A bill progressing through Ontario’s legislative assembly to allow landlords there to collect a damage deposit from tenants has been defeated.
MPP Savoline introduced the measure last fall in an attempt to bring Ontario in line with other provinces –British Columbia, Alberta, Saskatchewan, Manitoba, and the Maritime provinces, in allowing landlords to collect a deposit up front as an incentive for tenants to resist damaging rental units.
Mrs. Savoline made the argument that Ontario landlords are reeling from an 8% HST and a measly 0.7% rental increase guideline for 2011. In the debate which took place before the vote, Mrs. Savoline argued that this measure benefits tenants and landlords alike because it “protects the future viability of rental housing stock in Ontario.”
She pointed out that only tenants who cause damage to their rental homes would be adversely affected by the bill.
Mrs. Savoline discussed that motels and hotels have the ability to guarantee reimbursement for damages by holding a credit card in reserve, where residential landlords have no similar rights.
She also mentioned receiving a number of emails from individual landlords in support of the bill.
Despite these arguments, twenty-six members voted against the measure, while 7 voted in favour of the bill.

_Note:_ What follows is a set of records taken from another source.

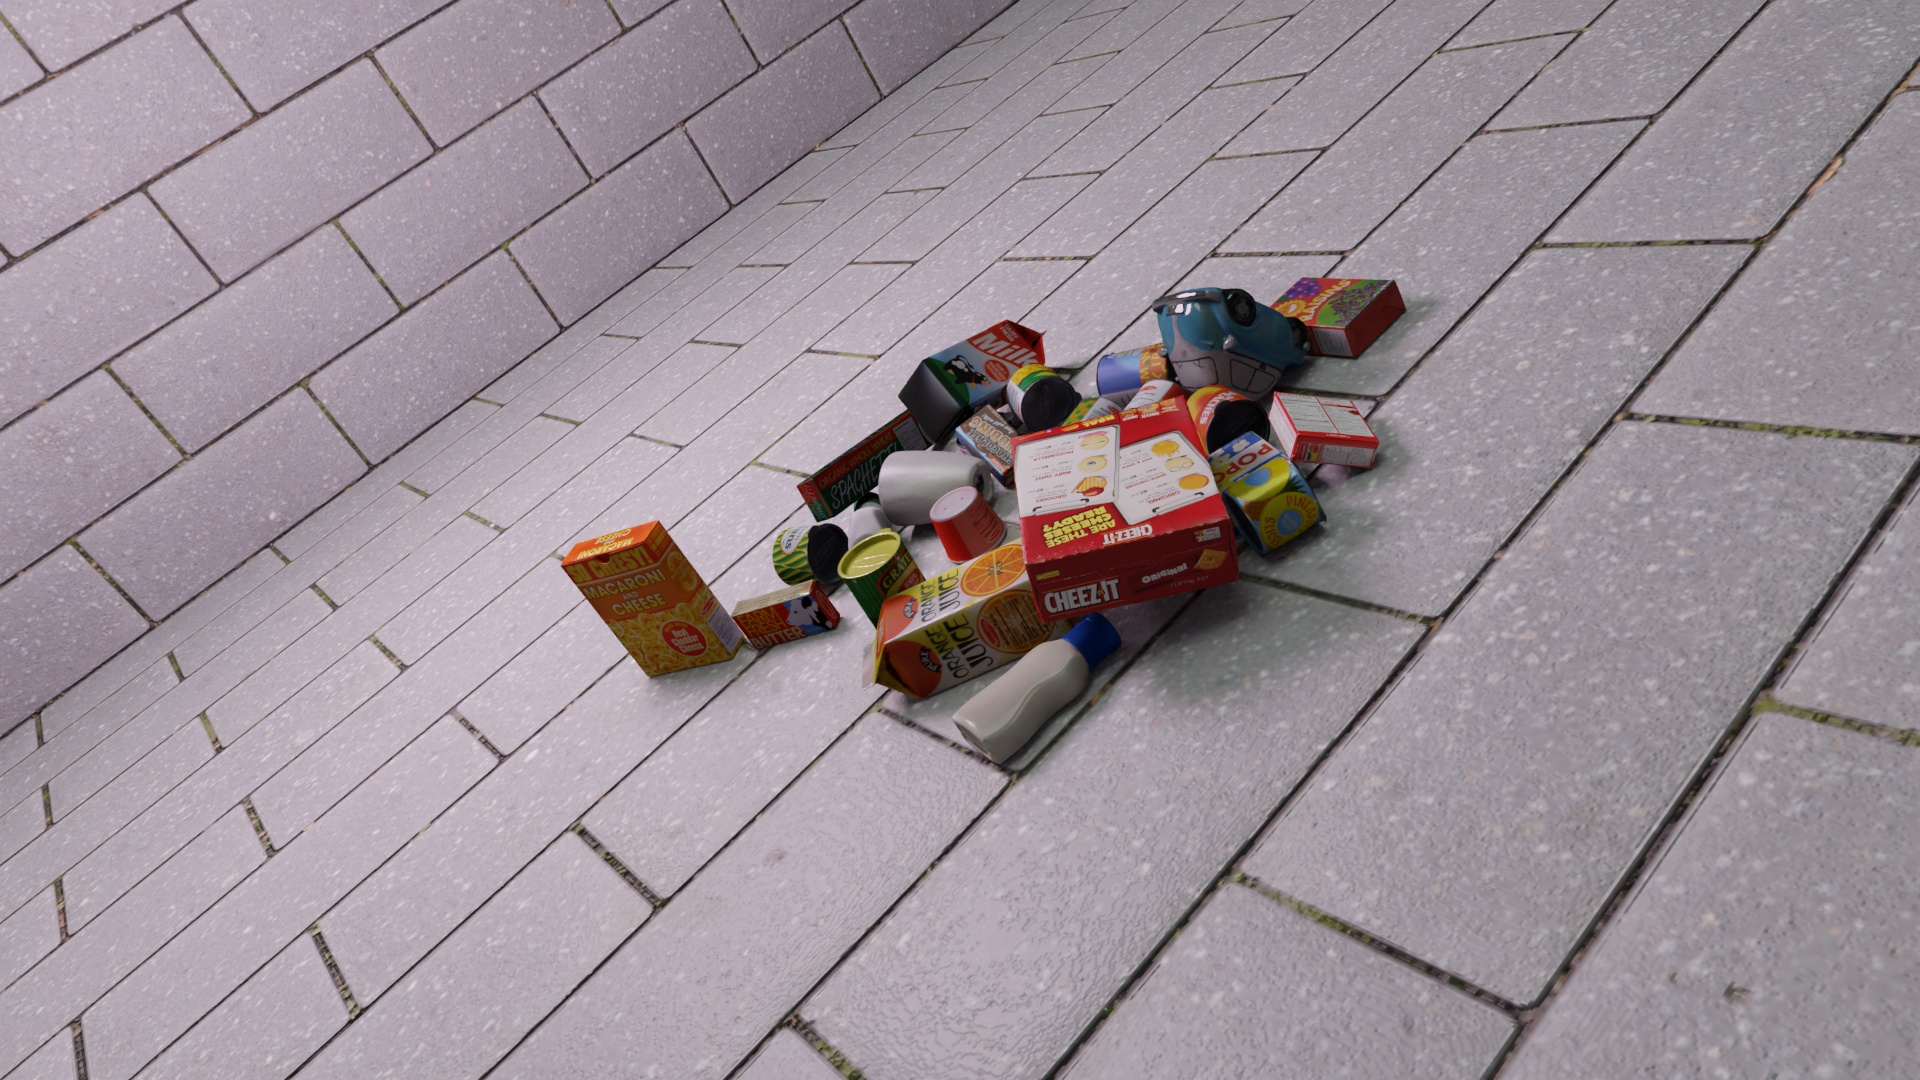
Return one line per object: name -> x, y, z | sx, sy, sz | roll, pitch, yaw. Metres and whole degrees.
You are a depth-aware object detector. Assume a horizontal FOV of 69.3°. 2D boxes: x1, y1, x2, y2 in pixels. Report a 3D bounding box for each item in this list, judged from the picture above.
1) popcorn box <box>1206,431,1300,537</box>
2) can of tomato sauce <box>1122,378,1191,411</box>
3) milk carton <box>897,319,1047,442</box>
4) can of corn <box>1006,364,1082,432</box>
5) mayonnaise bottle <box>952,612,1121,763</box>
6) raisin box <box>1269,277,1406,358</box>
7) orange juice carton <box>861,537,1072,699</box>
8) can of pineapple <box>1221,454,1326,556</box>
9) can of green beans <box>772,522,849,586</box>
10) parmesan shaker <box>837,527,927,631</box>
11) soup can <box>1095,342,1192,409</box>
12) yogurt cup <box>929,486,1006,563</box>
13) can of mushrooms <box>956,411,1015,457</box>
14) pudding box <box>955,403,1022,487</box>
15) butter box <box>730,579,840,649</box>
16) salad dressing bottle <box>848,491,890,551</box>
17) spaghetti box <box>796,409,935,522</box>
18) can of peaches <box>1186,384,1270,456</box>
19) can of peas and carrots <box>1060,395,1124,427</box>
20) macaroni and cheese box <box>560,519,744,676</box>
popcorn box -> 0.230, -0.039, 1.231 | 0.127, 0.038, 0.085 | -32, 29, -2
can of tomato sauce -> 0.187, -0.106, 1.360 | 0.071, 0.071, 0.083 | 2, 42, 46
milk carton -> 0.026, -0.191, 1.595 | 0.191, 0.073, 0.072 | -32, -12, -41
can of corn -> 0.092, -0.157, 1.538 | 0.071, 0.071, 0.058 | -32, 27, -2
mayonnaise bottle -> 0.066, 0.117, 1.134 | 0.148, 0.041, 0.065 | -38, 29, -16
raisin box -> 0.372, -0.227, 1.404 | 0.086, 0.040, 0.123 | -43, 31, -20
orange juice carton -> -0.004, 0.076, 1.235 | 0.192, 0.072, 0.072 | -25, 29, 12
can of pineapple -> 0.260, -0.028, 1.155 | 0.058, 0.070, 0.071 | -32, 27, -1
can of green beans -> -0.160, 0.016, 1.497 | 0.057, 0.071, 0.071 | -5, 37, 41
parmesan shaker -> -0.060, 0.049, 1.302 | 0.071, 0.102, 0.071 | -24, 29, 14
soup can -> 0.194, -0.173, 1.457 | 0.083, 0.071, 0.072 | -9, 34, 35
yogurt cup -> 0.005, -0.018, 1.403 | 0.072, 0.053, 0.073 | -24, 29, 14
can of mushrooms -> 0.034, -0.113, 1.554 | 0.071, 0.033, 0.071 | -24, 27, 13
pudding box -> 0.039, -0.102, 1.493 | 0.050, 0.030, 0.084 | -38, 62, -9
butter box -> -0.180, 0.077, 1.430 | 0.103, 0.053, 0.024 | -17, 33, 27
salad dressing bottle -> -0.097, -0.013, 1.494 | 0.044, 0.064, 0.148 | -16, 20, 2
spaghetti box -> -0.092, -0.096, 1.569 | 0.028, 0.050, 0.251 | -19, 14, 41
can of peaches -> 0.246, -0.109, 1.299 | 0.071, 0.071, 0.058 | -33, 26, -4
can of peas and carrots -> 0.133, -0.102, 1.407 | 0.071, 0.070, 0.059 | 0, 41, 45
macaroni and cheese box -> -0.325, 0.065, 1.470 | 0.123, 0.166, 0.040 | -14, 32, 30
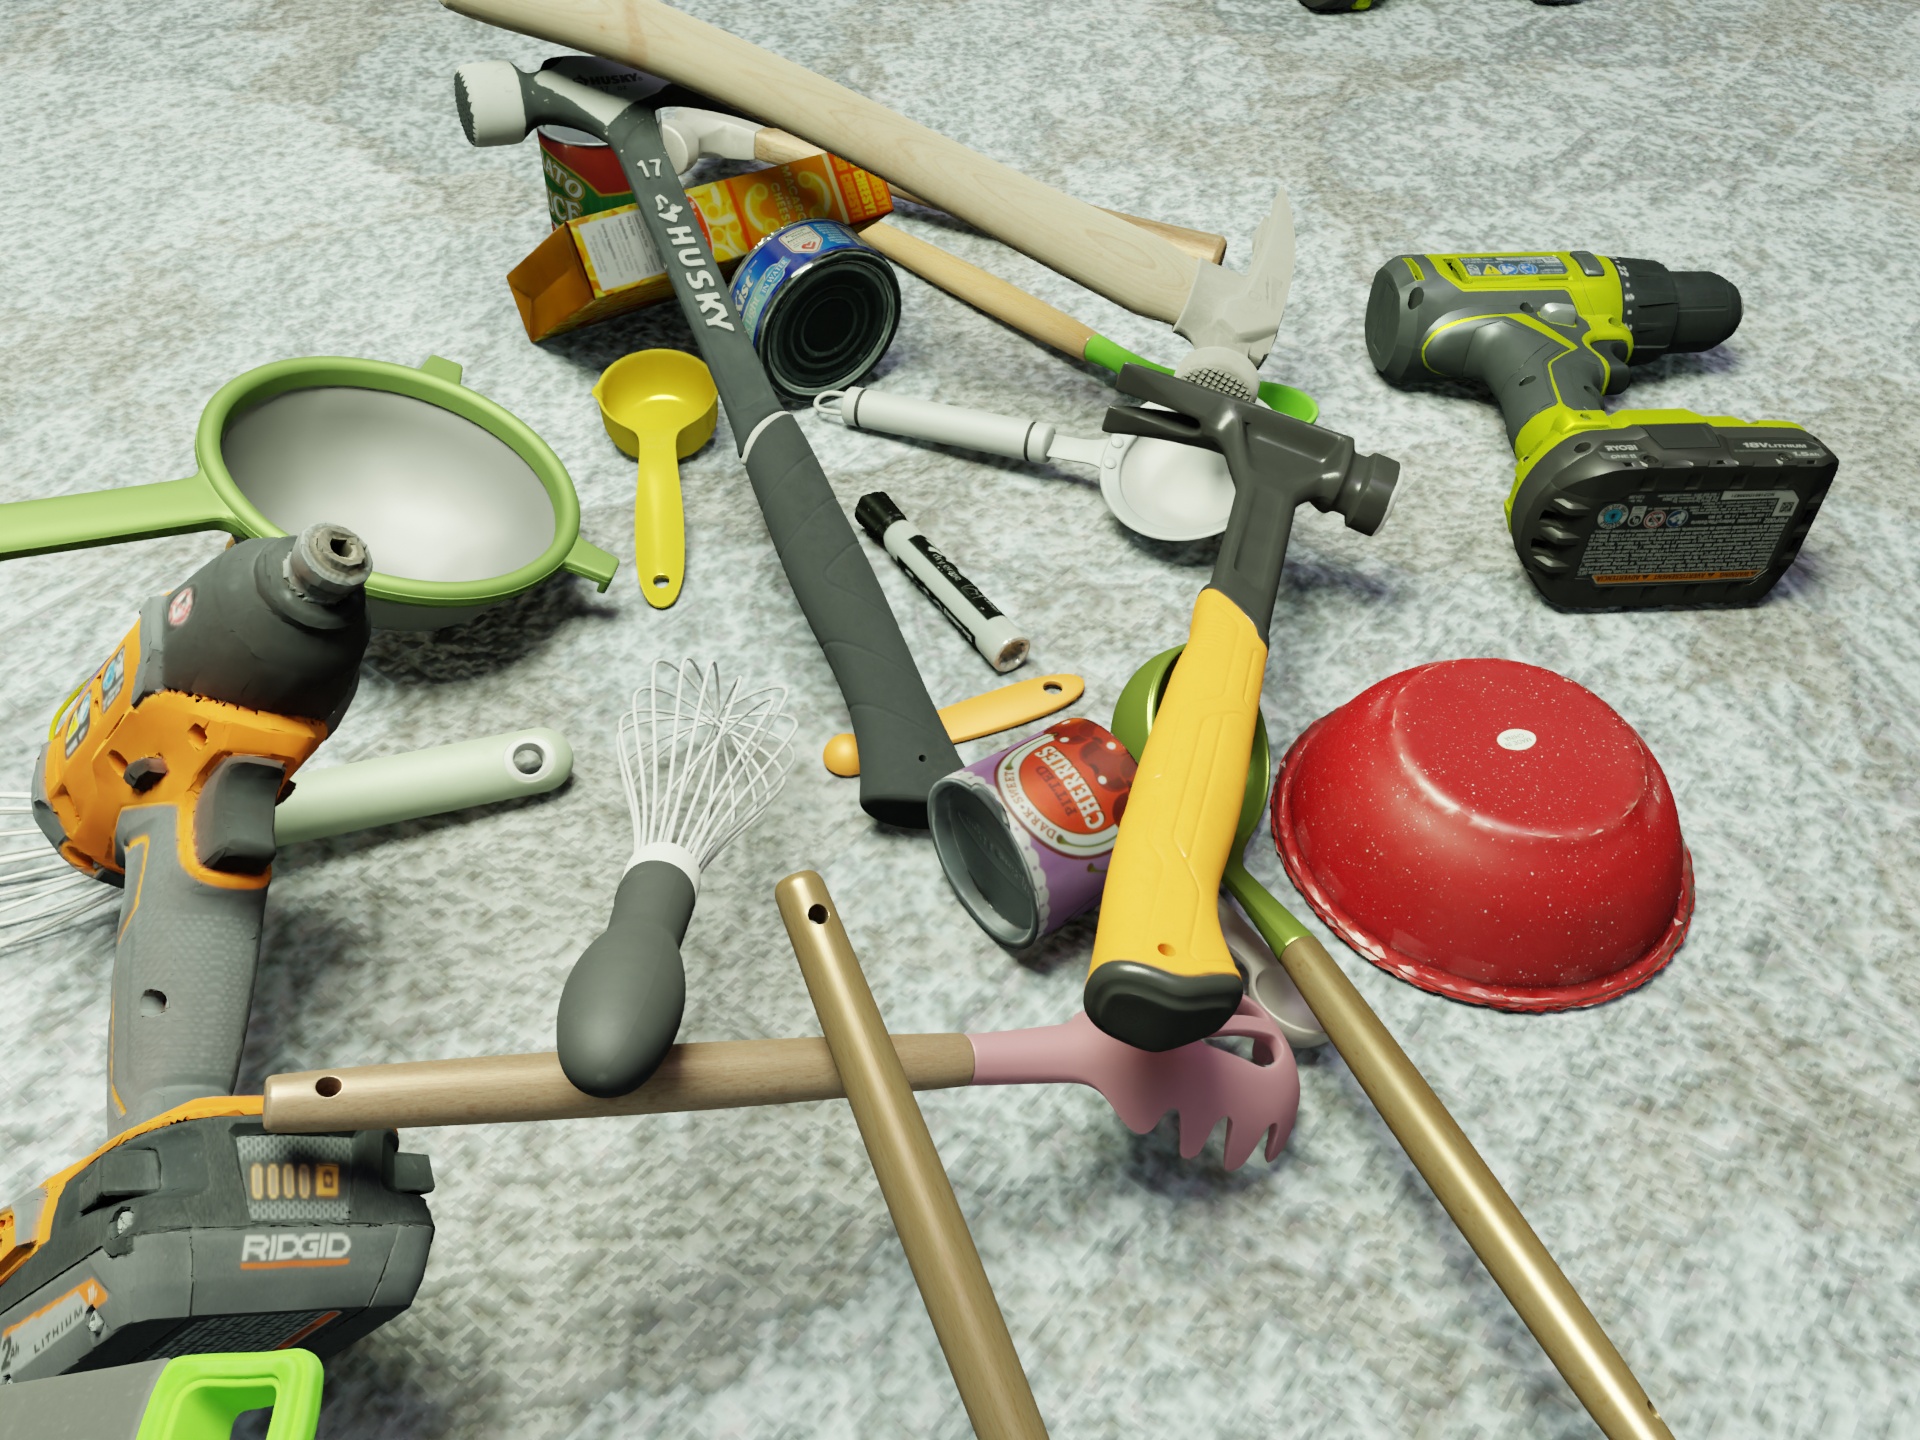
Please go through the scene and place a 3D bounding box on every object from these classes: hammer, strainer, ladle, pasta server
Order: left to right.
[{"bbox_3d":[-0.276,-0.069,0.626,0.256,0.069,0.152,-19,59,-45],"label":"strainer"},{"bbox_3d":[-0.084,-0.135,0.672,0.149,0.036,0.409,-16,67,-23],"label":"hammer"},{"bbox_3d":[-0.026,0.102,0.449,0.316,0.040,0.060,3,42,-28],"label":"pasta server"},{"bbox_3d":[-0.039,-0.271,0.723,0.410,0.038,0.146,24,55,-5],"label":"hammer"},{"bbox_3d":[-0.008,-0.308,0.921,0.331,0.031,0.130,18,36,10],"label":"hammer"},{"bbox_3d":[0.046,-0.130,0.754,0.258,0.050,0.087,15,68,19],"label":"strainer"},{"bbox_3d":[0.084,-0.023,0.556,0.127,0.034,0.337,21,41,2],"label":"hammer"},{"bbox_3d":[0.130,0.084,0.507,0.078,0.062,0.321,31,20,-39],"label":"ladle"}]

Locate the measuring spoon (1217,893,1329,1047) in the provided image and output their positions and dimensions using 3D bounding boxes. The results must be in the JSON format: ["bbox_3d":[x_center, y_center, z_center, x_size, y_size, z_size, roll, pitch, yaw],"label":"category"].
[{"bbox_3d":[0.090,0.076,0.574,0.034,0.018,0.124,-6,36,-35],"label":"measuring spoon"}]

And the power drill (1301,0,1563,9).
[{"bbox_3d":[0.350,-0.605,1.215,0.223,0.080,0.171,-9,47,-17],"label":"power drill"}]

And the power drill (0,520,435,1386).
[{"bbox_3d":[-0.207,0.060,0.447,0.084,0.164,0.227,15,49,-42],"label":"power drill"}]

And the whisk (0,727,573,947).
[{"bbox_3d":[-0.264,0.037,0.574,0.246,0.059,0.058,-12,85,-19],"label":"whisk"}]

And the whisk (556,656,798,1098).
[{"bbox_3d":[-0.090,0.039,0.496,0.070,0.070,0.285,0,17,-3],"label":"whisk"}]

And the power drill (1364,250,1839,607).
[{"bbox_3d":[0.319,-0.157,0.771,0.190,0.080,0.229,-2,43,-5],"label":"power drill"}]

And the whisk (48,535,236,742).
[{"bbox_3d":[-0.308,-0.057,0.664,0.047,0.051,0.245,-1,42,4],"label":"whisk"}]

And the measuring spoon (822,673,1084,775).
[{"bbox_3d":[-0.001,-0.002,0.645,0.117,0.011,0.021,-17,49,-19],"label":"measuring spoon"}]

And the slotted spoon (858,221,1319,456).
[{"bbox_3d":[0.053,-0.207,0.840,0.070,0.031,0.314,-34,54,-31],"label":"slotted spoon"}]

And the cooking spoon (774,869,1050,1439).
[{"bbox_3d":[0.016,0.182,0.389,0.068,0.017,0.319,-17,71,-21],"label":"cooking spoon"}]

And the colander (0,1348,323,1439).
[{"bbox_3d":[-0.328,0.162,0.326,0.397,0.094,0.205,-13,47,11],"label":"colander"}]

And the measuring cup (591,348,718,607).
[{"bbox_3d":[-0.140,-0.109,0.741,0.062,0.029,0.157,-4,58,-6],"label":"measuring cup"}]

Currently, Ontario landlords only can collect last month’s rent in advance, and those funds cannot be applied towards any damages a tenant causes to the property. If damages are discovered during the term of the tenancy agreement, the only remedy provided to the landlord is a reduction in the notice period needed to evict the tenant. The landlord must take legal action to collect damages, regardless of how much or how little those damages may cost to repair. This bill would have allowed a landlord to collect 25% of the monthly rent as a deposit, and then deduct from that fund at the end of the lease if the tenant wilfully or negligently caused damages to the rental property.
Opponents to the bill, including MPP Cheri DiNovo argued that the measure would have placed too much burden on the Landlord and Tenant Board to sort out damage deposit disputes. Ms. DiNovo cited the Alberta damage deposit law as an example of a broken system, claiming that in Alberta, it is “extremely difficult if not impossible” for tenants to get their deposits back. “In fact, it acts as almost a disincentive for good tenants, because if you’re not going to get the deposit back anyway, why keep the place pristine?” Ms. DiNovo also argued that the system would offer large landlords a “windfall of equity.”
Another opponent, MPP Michael Price said he may have given some support for the bill if it would help only small business landlords, but his sympathies did not extend to large landlords. “They seem to do very well by themselves,” he argued. Mr. Price believed that it would be too difficult to discern tenant damage from normal wear and tear. “It would be an opportunity for some unscrupulous people to simply take half of the deposit and define the wear and tear in any way they wanted,” he claimed. He also felt that the amount of the deposit would be too small to really do any good.
MPP Donna Cansfield, on the other hand, felt the 25% deposit would be too great a burden on tenants.